- Action item -
Retype only the lines that run from the top of the material below to the line bearing "#9 toy bolts [169,368,269,470]", inclusive, and keep the pictures out.

- Excerpted records -
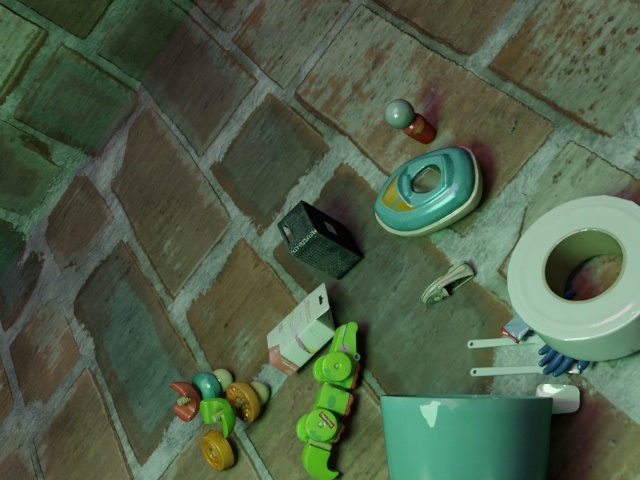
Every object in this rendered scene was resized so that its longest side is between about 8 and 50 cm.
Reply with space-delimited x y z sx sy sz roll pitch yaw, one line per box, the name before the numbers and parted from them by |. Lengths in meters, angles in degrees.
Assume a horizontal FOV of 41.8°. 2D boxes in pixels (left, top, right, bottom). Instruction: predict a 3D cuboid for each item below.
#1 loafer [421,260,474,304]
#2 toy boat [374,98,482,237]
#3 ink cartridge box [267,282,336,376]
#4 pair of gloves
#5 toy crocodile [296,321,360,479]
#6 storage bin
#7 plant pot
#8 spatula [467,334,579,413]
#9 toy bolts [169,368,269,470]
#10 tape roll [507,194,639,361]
loafer | 0.263 0.094 1.738 0.125 0.045 0.039 -44 51 14
toy boat | 0.213 -0.163 1.849 0.267 0.148 0.318 -28 51 31
ink cartridge box | -0.032 0.203 1.923 0.198 0.067 0.115 -45 25 18
pair of gloves | 0.433 0.157 1.537 0.159 0.023 0.198 -47 43 4
toy crocodile | 0.026 0.338 1.792 0.115 0.105 0.340 127 161 -67
storage bin | 0.000 0.000 1.941 0.084 0.180 0.122 -43 45 17
plant pot | 0.248 0.382 1.425 0.293 0.293 0.235 -9 77 41
spatula | 0.372 0.245 1.566 0.242 0.019 0.168 -12 61 40
toy bolts | -0.231 0.407 2.017 0.228 0.158 0.218 27 128 39
tape roll | 0.479 0.064 1.475 0.286 0.100 0.286 -22 48 27

- Response to this exercise -
Every object in this rendered scene was resized so that its longest side is between about 8 and 50 cm.
Reply with space-delimited x y z sx sy sz roll pitch yaw, one line per box, the name before the numbers and parted from them by |. Lengths in meters, angles in degrees.
Assume a horizontal FOV of 41.8°. 2D boxes in pixels (left, top, right, bottom). Instruction: predict a 3D cuboid for each item below.
#1 loafer [421,260,474,304]
#2 toy boat [374,98,482,237]
#3 ink cartridge box [267,282,336,376]
#4 pair of gloves
#5 toy crocodile [296,321,360,479]
#6 storage bin
#7 plant pot
#8 spatula [467,334,579,413]
#9 toy bolts [169,368,269,470]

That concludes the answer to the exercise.